» **Items listed in a dataset**
Start of Block

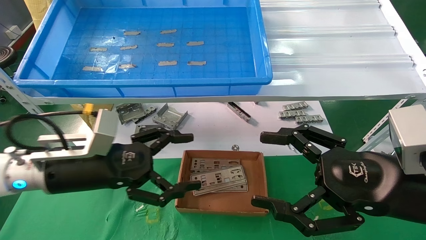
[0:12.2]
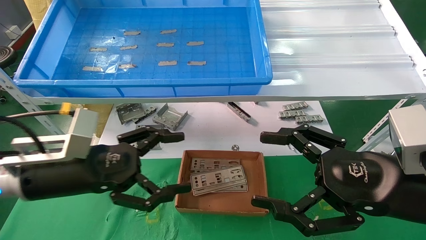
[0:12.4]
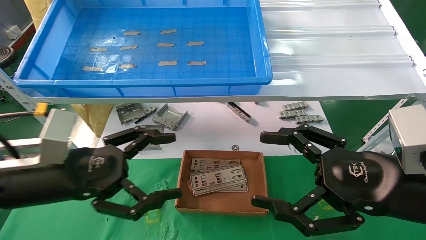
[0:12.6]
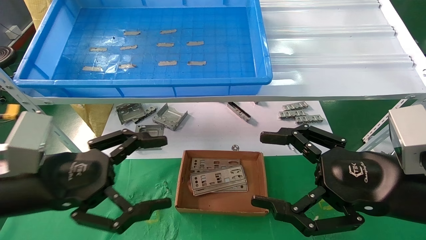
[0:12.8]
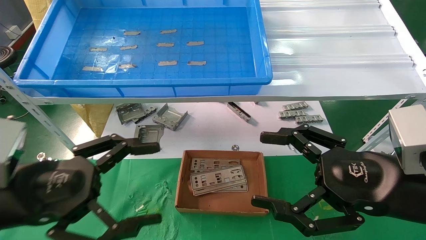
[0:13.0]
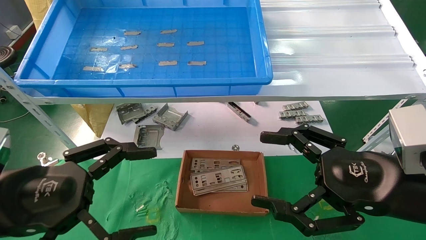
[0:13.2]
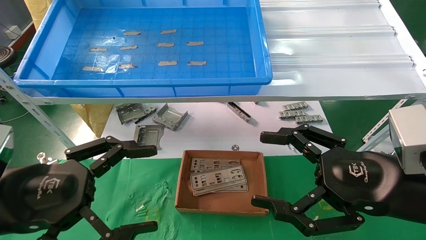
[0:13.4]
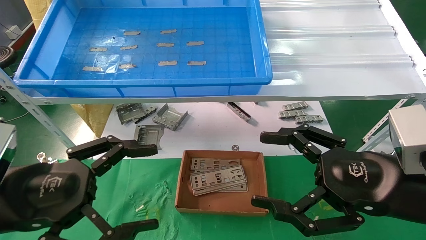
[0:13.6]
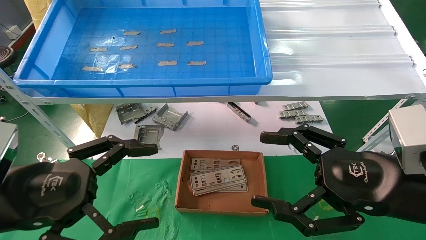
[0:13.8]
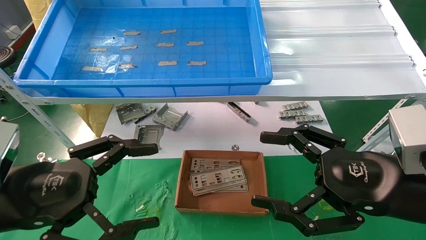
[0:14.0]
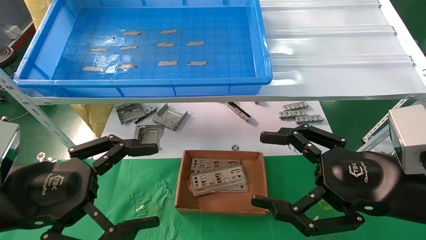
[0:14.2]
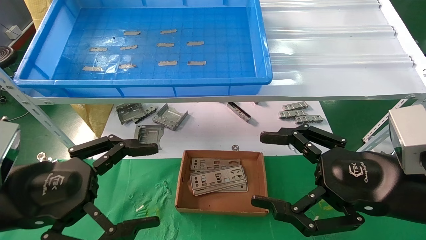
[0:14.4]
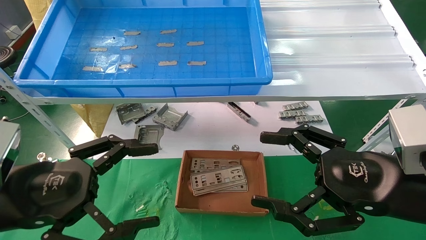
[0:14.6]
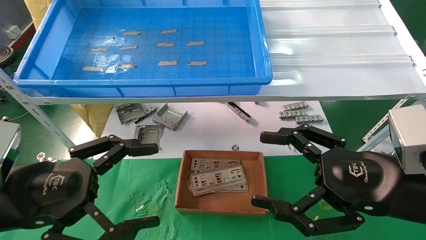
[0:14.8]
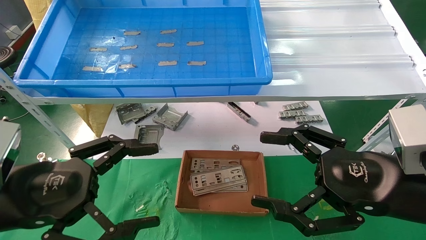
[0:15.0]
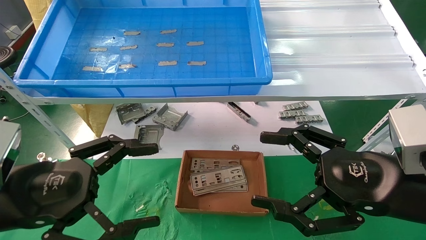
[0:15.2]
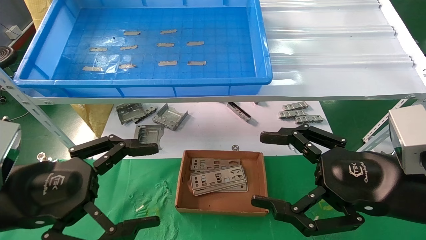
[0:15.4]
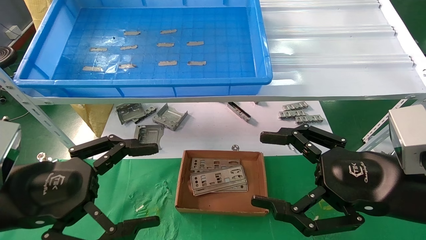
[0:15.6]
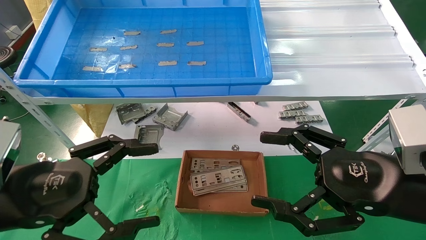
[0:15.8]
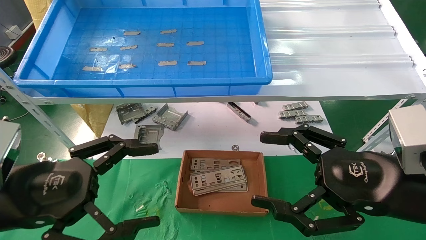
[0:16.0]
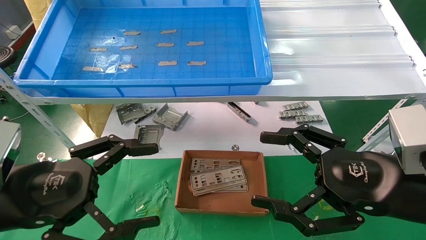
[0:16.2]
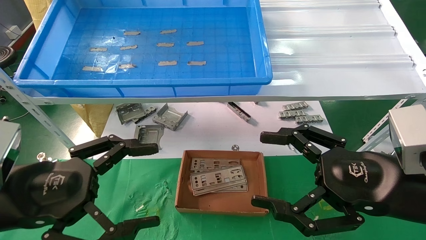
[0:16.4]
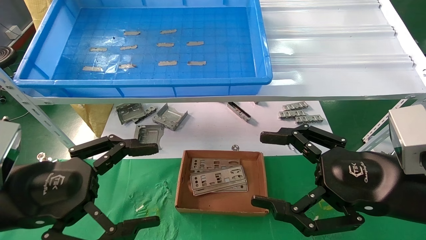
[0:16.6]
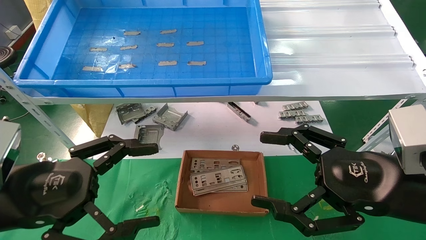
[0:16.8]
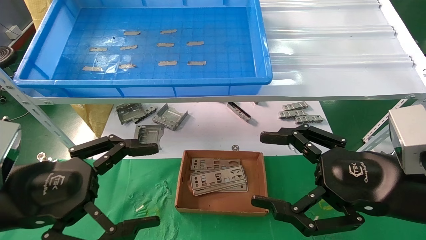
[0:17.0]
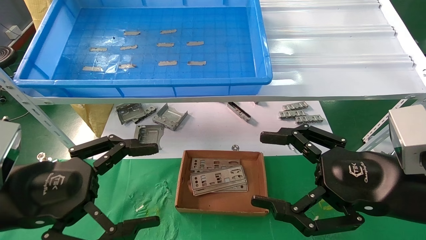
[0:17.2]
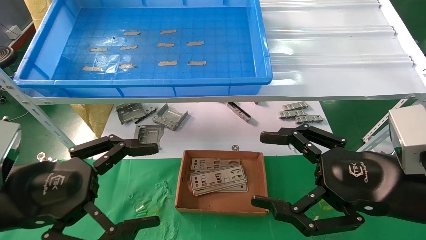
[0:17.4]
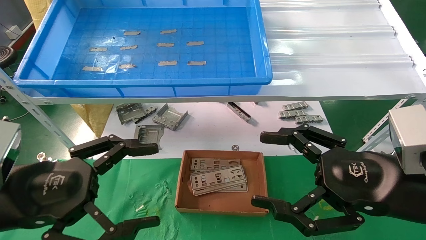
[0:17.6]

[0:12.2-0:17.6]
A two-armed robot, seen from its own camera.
Task of the whole recording: pick up the parts on the tray and put them in the cardboard box.
0:12.2 to 0:13.6: The left gripper travels backward by approximately 10 cm.
0:13.6 to 0:17.6: Neither gripper changes place.

End of Block

» **Exercise brief**
Your reply is the full set of entries reproduced exactly, with images omitted.

» **Output of the task**
[0:12.2]
[0:12.4]
[0:12.6]
[0:12.8]
[0:13.0]
[0:13.2]
[0:13.4]
[0:13.6]
[0:13.8]
[0:14.0]
[0:14.2]
[0:14.4]
[0:14.6]
[0:14.8]
[0:15.0]
[0:15.2]
[0:15.4]
[0:15.6]
[0:15.8]
[0:16.0]
[0:16.2]
[0:16.4]
[0:16.6]
[0:16.8]
[0:17.0]
[0:17.2]
[0:17.4]
[0:17.6]

[0:12.2-0:17.6]
A two-armed robot, seen from its own camera.
Task of the whole recording: pick up the parts on the tray and put them in the cardboard box.
0:12.2 to 0:13.6: The left gripper travels backward by approximately 10 cm.
0:13.6 to 0:17.6: Neither gripper changes place.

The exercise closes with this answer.